The footprint of an email comes from the electricity needed to power the equipment used at each stage of the process
The next time you write a quick “thank you” note in an email, think twice before pressing the ‘send’ key. According to energy supplier OVO’s “Think before you thank” campaign, changing that habit across the UK population would equate to taking 3,334 diesel cars off the road for an entire year.
Every 18 seconds
Our demand for internet and smart technologies is increasing rapidly, and by 2025, every person in the developed world will have at least one ‘interaction’ with a data centre every 18 seconds of their lives. In 2023, the world’s 4.4 billion email users are predicted to send 347.3 billion emails each day.
But that demand brings with it an additional strain on the power grid. And the statistics and forecasts make for sobering reading.
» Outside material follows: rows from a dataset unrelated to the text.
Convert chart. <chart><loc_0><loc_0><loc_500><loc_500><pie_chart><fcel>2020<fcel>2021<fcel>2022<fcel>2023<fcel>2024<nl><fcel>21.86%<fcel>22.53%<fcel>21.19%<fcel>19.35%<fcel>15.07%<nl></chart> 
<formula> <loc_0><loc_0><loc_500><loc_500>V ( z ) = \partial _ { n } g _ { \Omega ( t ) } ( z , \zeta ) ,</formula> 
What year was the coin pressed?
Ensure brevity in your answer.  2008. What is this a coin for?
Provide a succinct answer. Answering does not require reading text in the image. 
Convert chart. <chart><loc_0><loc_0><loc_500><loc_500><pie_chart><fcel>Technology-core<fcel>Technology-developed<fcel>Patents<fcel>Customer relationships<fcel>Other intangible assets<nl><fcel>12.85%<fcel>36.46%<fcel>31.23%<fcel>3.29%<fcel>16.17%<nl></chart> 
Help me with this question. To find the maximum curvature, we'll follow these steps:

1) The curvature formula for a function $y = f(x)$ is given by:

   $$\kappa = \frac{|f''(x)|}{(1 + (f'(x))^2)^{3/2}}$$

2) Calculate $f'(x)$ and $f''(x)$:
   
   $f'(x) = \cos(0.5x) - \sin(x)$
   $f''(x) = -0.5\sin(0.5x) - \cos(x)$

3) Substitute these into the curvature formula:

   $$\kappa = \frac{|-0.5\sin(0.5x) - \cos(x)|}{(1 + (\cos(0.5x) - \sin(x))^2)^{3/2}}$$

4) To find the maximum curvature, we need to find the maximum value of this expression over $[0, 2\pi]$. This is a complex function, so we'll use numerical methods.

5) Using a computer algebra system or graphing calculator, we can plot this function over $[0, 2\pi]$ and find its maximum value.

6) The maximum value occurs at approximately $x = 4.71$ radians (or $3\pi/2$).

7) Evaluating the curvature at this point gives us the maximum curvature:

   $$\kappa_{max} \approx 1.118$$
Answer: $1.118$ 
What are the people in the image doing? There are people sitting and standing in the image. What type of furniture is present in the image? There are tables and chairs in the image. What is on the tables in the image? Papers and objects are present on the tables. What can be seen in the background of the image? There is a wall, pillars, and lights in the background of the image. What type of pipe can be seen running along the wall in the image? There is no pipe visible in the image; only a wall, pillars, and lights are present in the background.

Data centres are major energy users, with some of the largest consuming more electricity than several entire countries put together.
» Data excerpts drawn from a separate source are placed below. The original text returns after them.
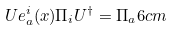<formula> <loc_0><loc_0><loc_500><loc_500>U e _ { a } ^ { i } ( x ) \Pi _ { i } U ^ { \dagger } = \Pi _ { a } 6 c m</formula> 
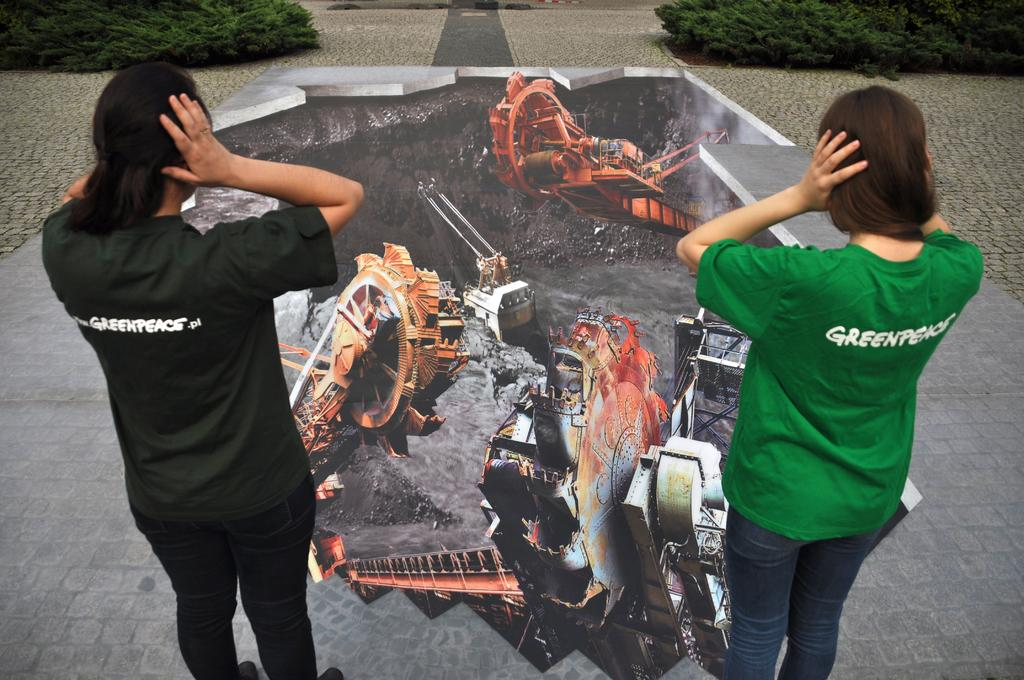<image>
Present a compact description of the photo's key features. Two people with t-shirts saying "Greenpeace" standing in front of a drawing covering their ears. 
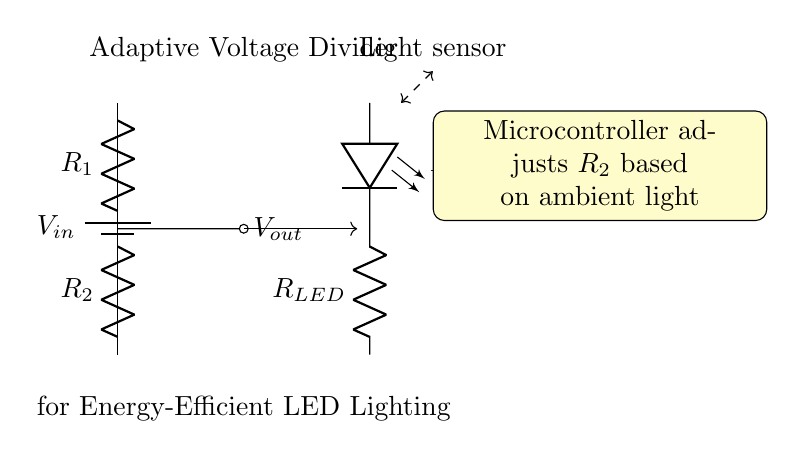What is the input voltage in this circuit? The input voltage is represented by the source labeled V_in, which supplies energy to the circuit.
Answer: V_in What components make up the voltage divider? The voltage divider consists of two resistors, R_1 and R_2, connected in series, along with a voltage input and output points.
Answer: R_1, R_2 How does the circuit adjust the resistance? The circuit uses a microcontroller to adjust R_2 based on ambient light conditions detected by a light sensor, which influences the output voltage for the LED.
Answer: Microcontroller What is the role of R_LED in this circuit? R_LED is used to limit the current flowing through the LED, ensuring it operates within safe parameters to prevent burning out.
Answer: Current limiter What would happen if R_1 is increased? Increasing R_1 will decrease the output voltage V_out across R_2 because the voltage divider formula indicates that an increase in the top resistor (R_1) leads to a smaller voltage across R_2 proportionally.
Answer: Decreased V_out What type of circuit is represented here? This circuit is a voltage divider, which is specifically designed to create a lower voltage output from a higher input voltage using resistors.
Answer: Voltage divider 
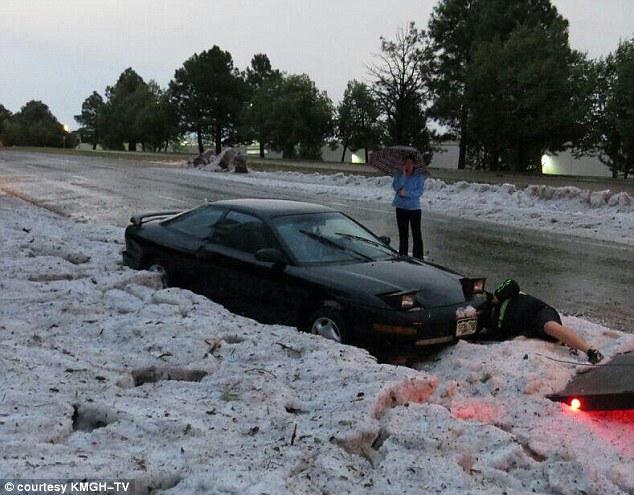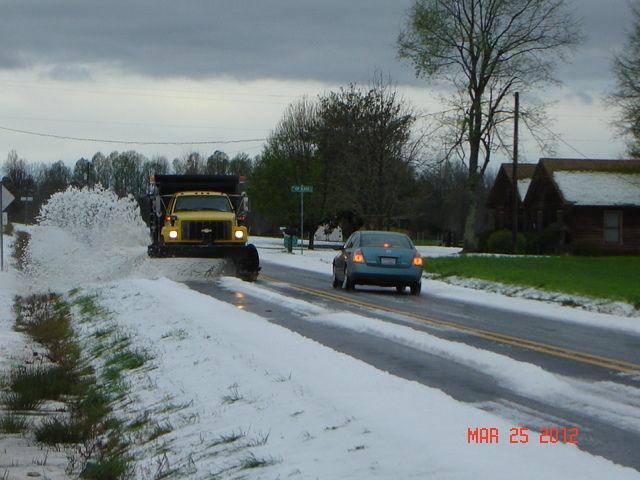The first image is the image on the left, the second image is the image on the right. For the images shown, is this caption "In the right image a snow plow is plowing snow." true? Answer yes or no. Yes.

In fact, the International Energy Agency estimates that 1% of all global electricity is used by data centres, and that by 2025, they will consume some 20% of the world’s power supply.
On a more positive note, though, while average energy use is increasing steadily, the data centres are becoming more and more efficient. They are actually consuming energy at a rate only little higher than they did 20 years ago, thanks to advances made in cloud storage facilities (often called hyperscale centres) and in other areas.
The impact of email
So, what can we do about it? Perhaps the best place to start is by getting a good idea of our own carbon footprint. Calculating it isn’t an exact science, but numerous attempts have been made over many years to provide some kind of measurement.
Mike Berners-Lee is a researcher at Lancaster University in the UK, author of the book The Carbon Footprint of Everything and founder of Small World Consulting, a company that researches the carbon footprints of the general public. He estimates that the “cost” of a short email from one laptop to another is some 0.4g CO²e, while a longer one that takes 10 minutes to write and 3 minutes to read, sent laptop to laptop, weighs in at around 17g CO²e. One with a large attachment can reach up to 50g.
The book also reveals that the footprint of an email comes from the electricity needed to power the equipment used at each stage of the process: the device it is written on, the network that sends it, the data centre it is stored on, and the device it is read on. It’s the devices at each end that are the key factors, even when large attachments are being sent.
Streaming compared to car driving
Is streaming movies and music your thing? Rabih Bashroush, a scientist at the EU-funded Eureca project, worked out that the five billion streams of a music video from 2017 used up as much electricity as the entire countries of Chad, Guinea-Bissau, Somalia, Sierra Leone, and the Central African Republic put together in a single year.
"Could video streaming be as bad for the environment as driving a car?", asked physics professor Stefano Bonetti recently on the commentary website The Conversation. Since he is a physics professor, he calculated the energy use and concluded that streaming a two-hour movie on a normal phone or computer is comparable to the emissions from a 45-minute car drive. This is quite mind-boggling for something that we perceive as immaterial.